Early release of superannuation – extra discretion

Issue description

An individual applied for a determination for early release of superannuation on compassionate grounds to provide medical treatment for a dependant. The Commissioner could not make a determination as the individual did not provide medical certification from a specialist that the treatment was necessary and not readily available through the public health system, which is a requirement under subregulation 6.19A(3) of the Superannuation Industry (Supervision) Regulations 1994 (SISR).

Use of the CRP was proposed to modify the operation of regulation 6.19A to allow a 'common sense' discretion in assessing compassionate release of superannuation cases.

The policy is clear that the intended purpose of subregulation 6.19A(3) is that a person must have 2 medical certificates, one of which must be from a medical specialist. The medical certification must state that the treatment is not readily available in the public health system.

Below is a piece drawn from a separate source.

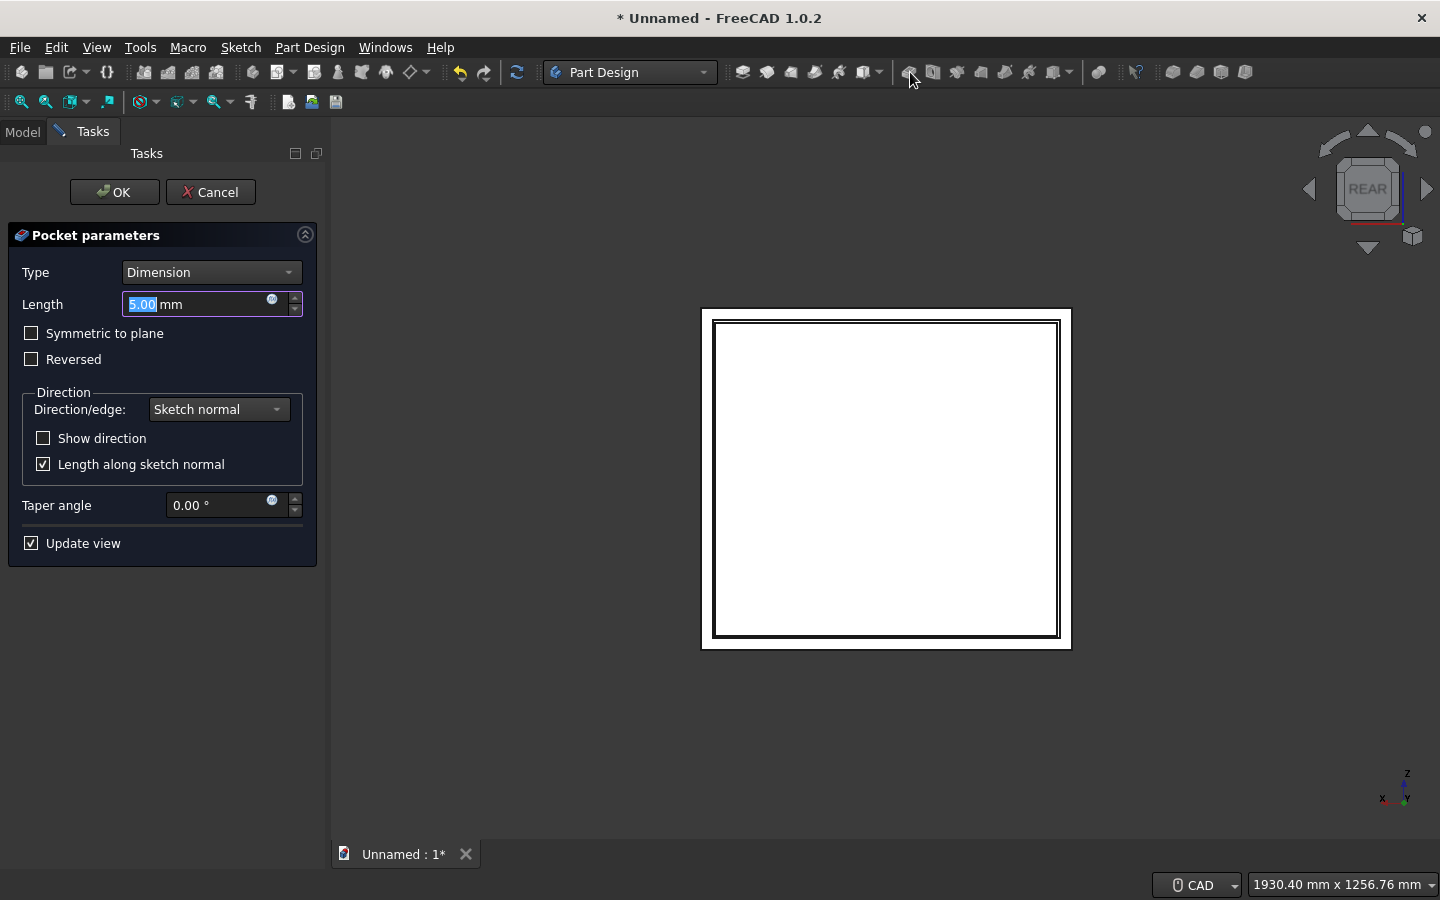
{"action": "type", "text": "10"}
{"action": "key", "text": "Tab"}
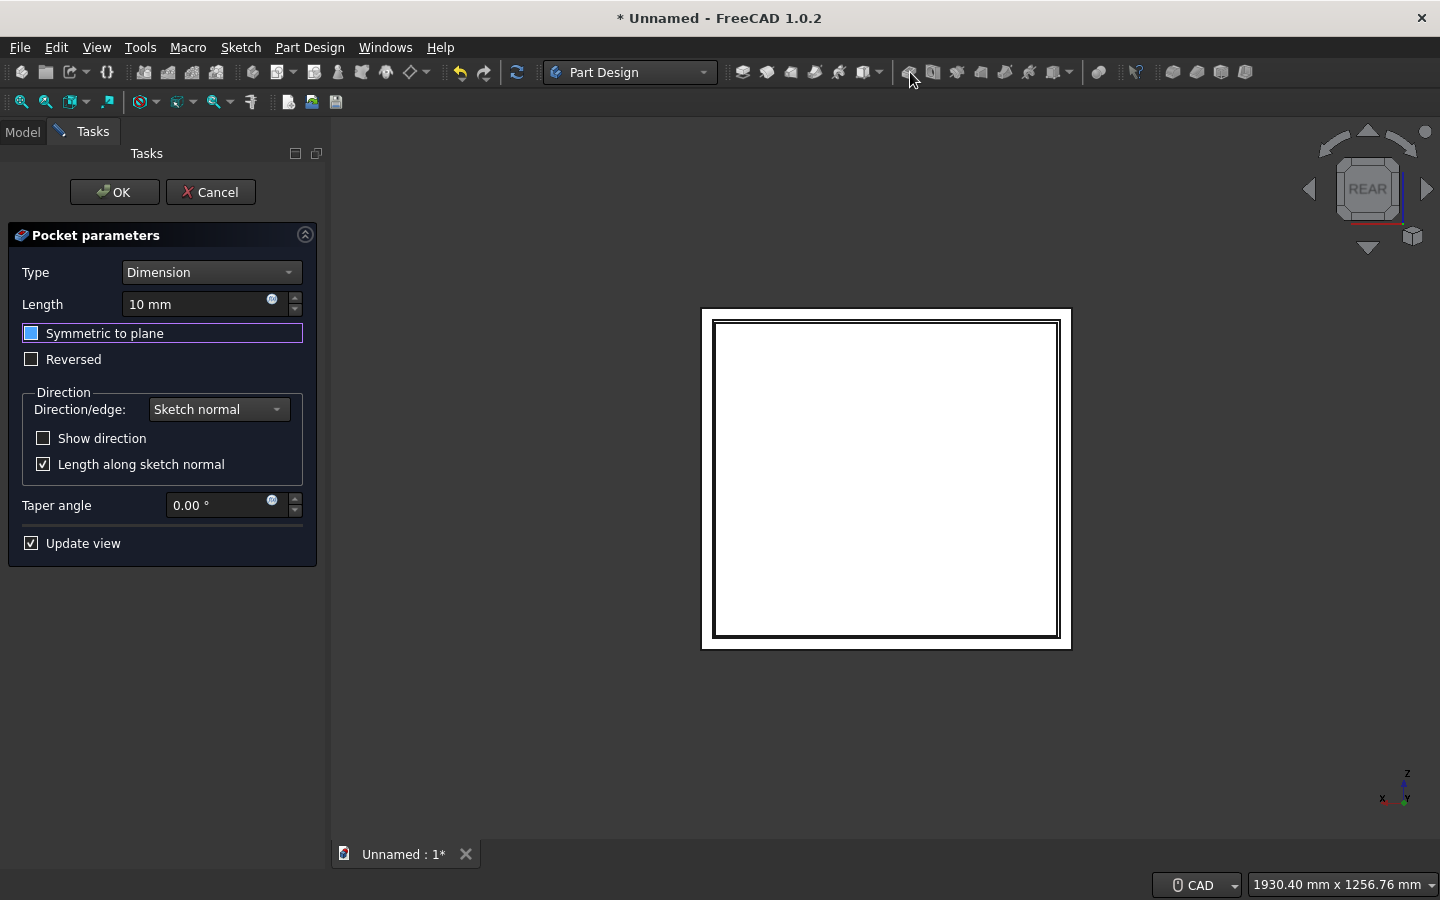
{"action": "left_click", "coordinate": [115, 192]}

Further, paragraph 6.19A(1)(f) allows for an application to be made to meet expenses that are consistent with one of the grounds under subregulation 6.19A(1) of the SISR. However, this is a qualified discretion and can't be applied to bypass the evidentiary requirements contained in paragraphs 6.19A(1)(a) to (e) where the application is to pay for an expense that falls into one of those paragraphs.

As the proposal would be inconsistent with the intended purpose or object of the regulation, the CRP could not be utilised.

CRP suitability

This is unsuitable as it is inconsistent with the intended purpose or object of the relevant provision.

Associated earnings formula

Issue description

An individual will have excess non-concessional contributions if they receive an excess non-concessional contributions (ENCC) determination. The ENCC determination must state, amongst other things, the amount of the associated earnings on the excess non-concessional contributions calculated using the formula in section 97-30 of Schedule 1 to the Tax Administration Act 1953 (TAA). In that formula, the default proxy rate is calculated by reference to the general interest charge rate, though the Treasurer may determine an alternative rate, including a zero rate, by legislative instrument.

The applicant asked the Commissioner to exercise the CRP to have the associated earnings amount in their ENCC determination reduced to zero to account for their self-managed superannuation fund performing significantly worse than the default proxy rate used in their ENCC determination.

The Explanatory Memorandum to the Tax and Superannuation Laws Amendment (2014 Measures No. 7) Bill 2014 highlights that the associated earnings amount may be lower or higher than the actual earnings made by a superannuation fund, which is the intended outcome under the policy. Accordingly, the law is operating as intended and the CRP could not be utilised.

CRP suitability

This is unsuitable as it is inconsistent with the intended purpose or object of the relevant provision.